* WHAT THE TASK REQUIRES: Your copy of the data should leave out the images and match everything else exactly.

DATASET EXCERPTS Start Marker

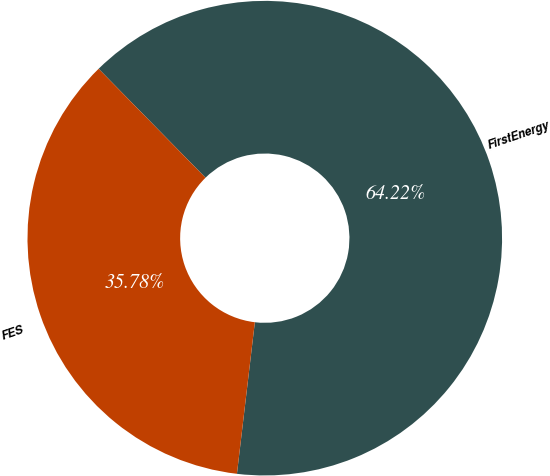Convert chart to OTSL. <chart><loc_0><loc_0><loc_500><loc_500><pie_chart><fcel>FirstEnergy<fcel>FES<nl><fcel>64.22%<fcel>35.78%<nl></chart> 
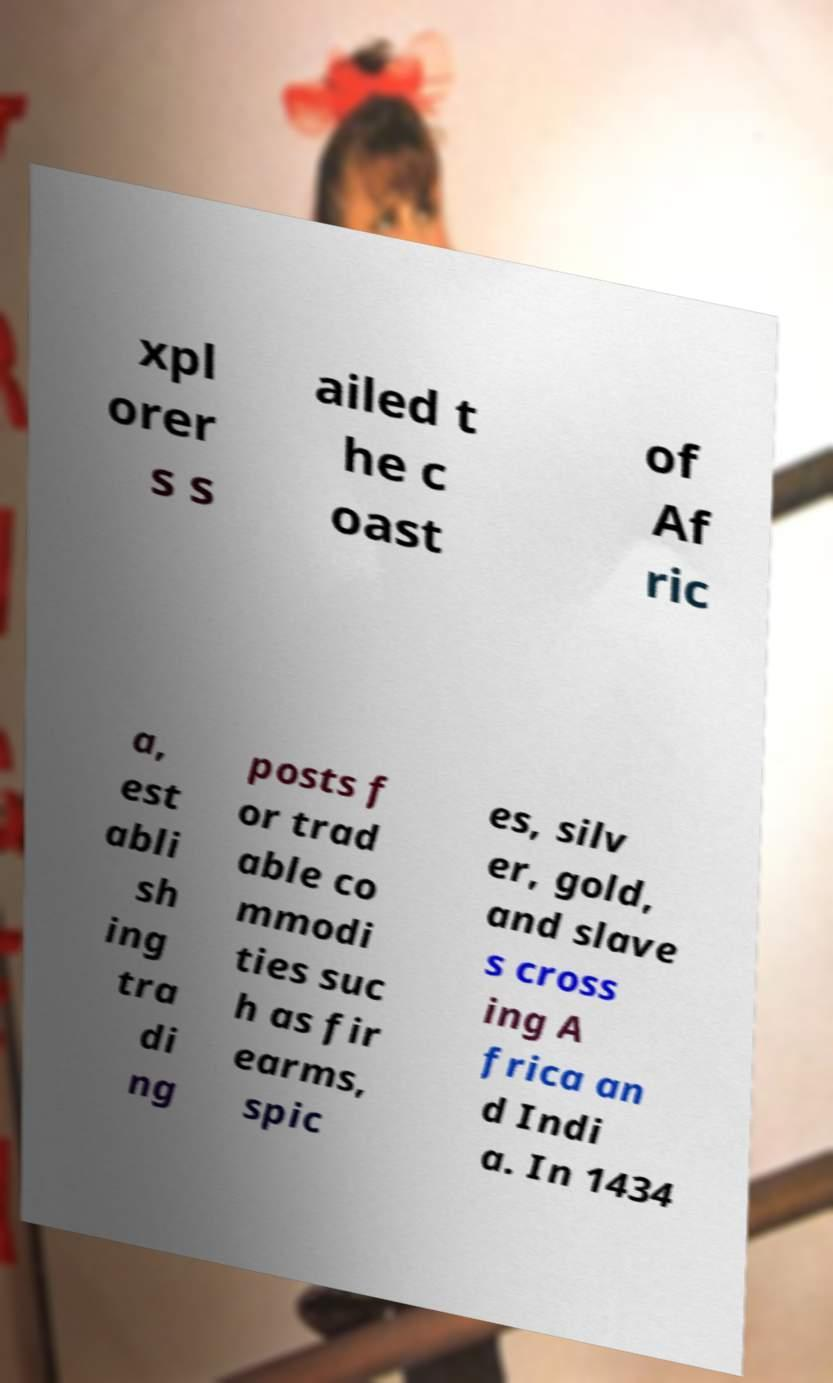Could you extract and type out the text from this image? xpl orer s s ailed t he c oast of Af ric a, est abli sh ing tra di ng posts f or trad able co mmodi ties suc h as fir earms, spic es, silv er, gold, and slave s cross ing A frica an d Indi a. In 1434 
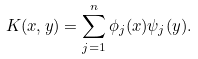<formula> <loc_0><loc_0><loc_500><loc_500>K ( x , y ) = \sum _ { j = 1 } ^ { n } \phi _ { j } ( x ) \psi _ { j } ( y ) .</formula> 
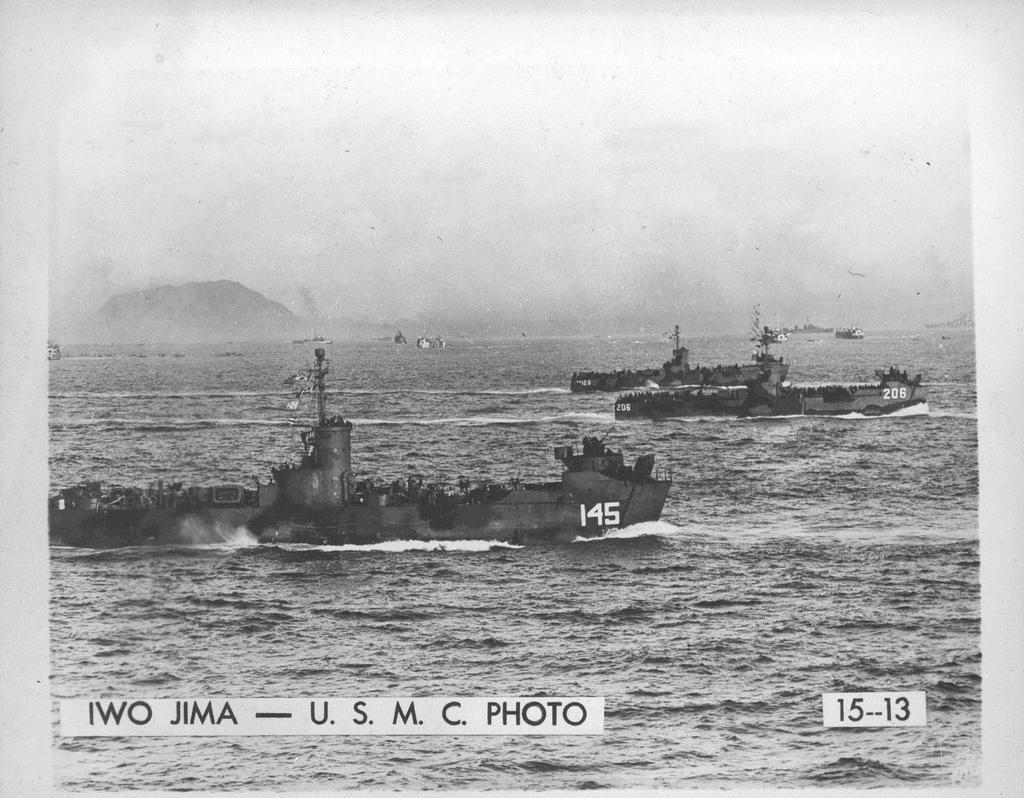What number is on the ship at the front?
Provide a short and direct response. 145. Who does this photo belong to?
Make the answer very short. Usmc. 
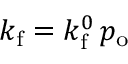<formula> <loc_0><loc_0><loc_500><loc_500>k _ { f } = k _ { f } ^ { 0 } \, p _ { o }</formula> 
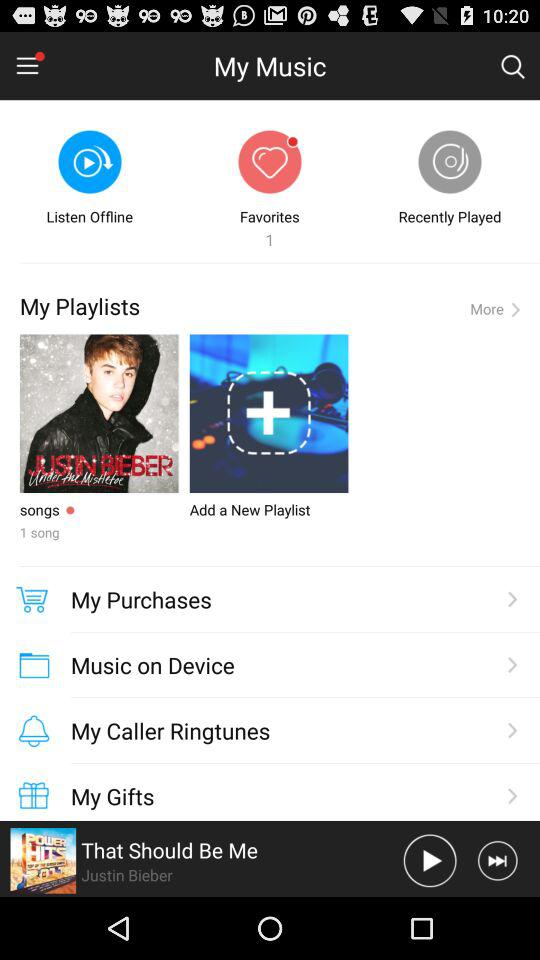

DATASET EXCERPTS End Marker

* RESPONSE:
Convert chart to OTSL. <chart><loc_0><loc_0><loc_500><loc_500><pie_chart><fcel>FirstEnergy<fcel>FES<nl><fcel>64.22%<fcel>35.78%<nl></chart> 
Could you extract and type out the text from this image? xpl orer s s ailed t he c oast of Af ric a, est abli sh ing tra di ng posts f or trad able co mmodi ties suc h as fir earms, spic es, silv er, gold, and slave s cross ing A frica an d Indi a. In 1434 
<formula> <loc_0><loc_0><loc_500><loc_500>K ( x , y ) = \sum _ { j = 1 } ^ { n } \phi _ { j } ( x ) \psi _ { j } ( y ) .</formula> 
What number is on the ship at the front?
Provide a short and direct response. 145. Who does this photo belong to?
Make the answer very short. Usmc. 
<formula> <loc_0><loc_0><loc_500><loc_500>k _ { f } = k _ { f } ^ { 0 } \, p _ { o }</formula> 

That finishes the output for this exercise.